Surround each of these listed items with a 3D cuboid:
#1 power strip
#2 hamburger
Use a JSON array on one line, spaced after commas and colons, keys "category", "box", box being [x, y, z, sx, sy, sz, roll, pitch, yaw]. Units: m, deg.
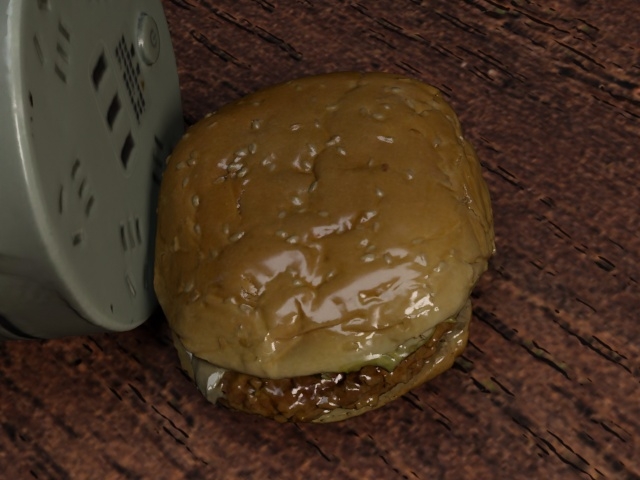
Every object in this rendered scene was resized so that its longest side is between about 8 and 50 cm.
[{"category": "power strip", "box": [-0.225, -0.083, 1.027, 0.161, 0.357, 0.357, -4, 51, 13]}, {"category": "hamburger", "box": [0.001, -0.001, 1.034, 0.259, 0.144, 0.283, -14, 55, 0]}]
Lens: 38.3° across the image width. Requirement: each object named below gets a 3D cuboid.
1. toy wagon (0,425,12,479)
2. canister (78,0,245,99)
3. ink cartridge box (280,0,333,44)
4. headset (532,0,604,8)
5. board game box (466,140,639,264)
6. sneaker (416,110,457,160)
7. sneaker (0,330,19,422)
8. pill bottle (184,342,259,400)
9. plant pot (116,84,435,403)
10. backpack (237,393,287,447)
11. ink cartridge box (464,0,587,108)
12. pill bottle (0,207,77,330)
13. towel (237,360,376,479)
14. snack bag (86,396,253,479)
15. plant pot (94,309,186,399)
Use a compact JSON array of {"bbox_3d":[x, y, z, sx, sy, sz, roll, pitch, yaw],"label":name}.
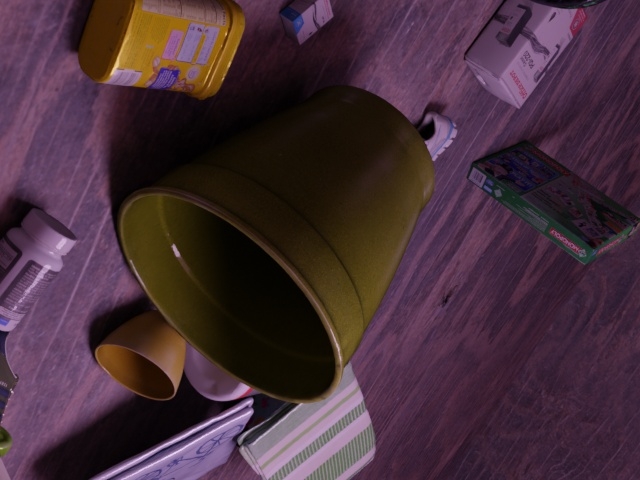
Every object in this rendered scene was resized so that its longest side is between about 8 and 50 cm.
[{"bbox_3d":[-0.567,0.354,1.197,0.267,0.068,0.344,-57,151,10],"label":"toy wagon"},{"bbox_3d":[-0.181,-0.233,1.059,0.170,0.073,0.126,-4,127,-52],"label":"canister"},{"bbox_3d":[-0.012,-0.313,1.257,0.083,0.028,0.048,-44,152,-14],"label":"ink cartridge box"},{"bbox_3d":[0.373,-0.544,1.349,0.185,0.243,0.394,-11,111,-58],"label":"headset"},{"bbox_3d":[0.497,-0.089,1.961,0.213,0.317,0.046,-22,142,-42],"label":"board game box"},{"bbox_3d":[0.172,-0.154,1.688,0.083,0.071,0.190,21,97,-54],"label":"sneaker"},{"bbox_3d":[-0.419,0.199,1.181,0.086,0.064,0.192,-26,117,-57],"label":"sneaker"},{"bbox_3d":[-0.089,0.177,1.584,0.283,0.161,0.161,-1,125,-55],"label":"pill bottle"},{"bbox_3d":[-0.027,-0.029,1.288,0.353,0.366,0.366,-48,155,-32],"label":"plant pot"},{"bbox_3d":[-0.043,0.345,1.842,0.253,0.191,0.225,-49,151,-14],"label":"backpack"},{"bbox_3d":[0.378,-0.372,1.694,0.218,0.092,0.158,-52,152,6],"label":"ink cartridge box"},{"bbox_3d":[-0.360,0.034,1.106,0.137,0.078,0.078,-51,152,1],"label":"pill bottle"},{"bbox_3d":[-0.011,0.384,1.721,0.248,0.038,0.325,-36,138,-15],"label":"towel"},{"bbox_3d":[-0.274,0.398,1.586,0.323,0.037,0.342,-26,161,-24],"label":"snack bag"},{"bbox_3d":[-0.255,0.161,1.382,0.134,0.134,0.095,89,22,-50],"label":"plant pot"}]

* TASK GOAL
Looking at the entries above, work out how many lines contain the word "each", then reply with only that figure.

* EXERCISE SOLUTION
2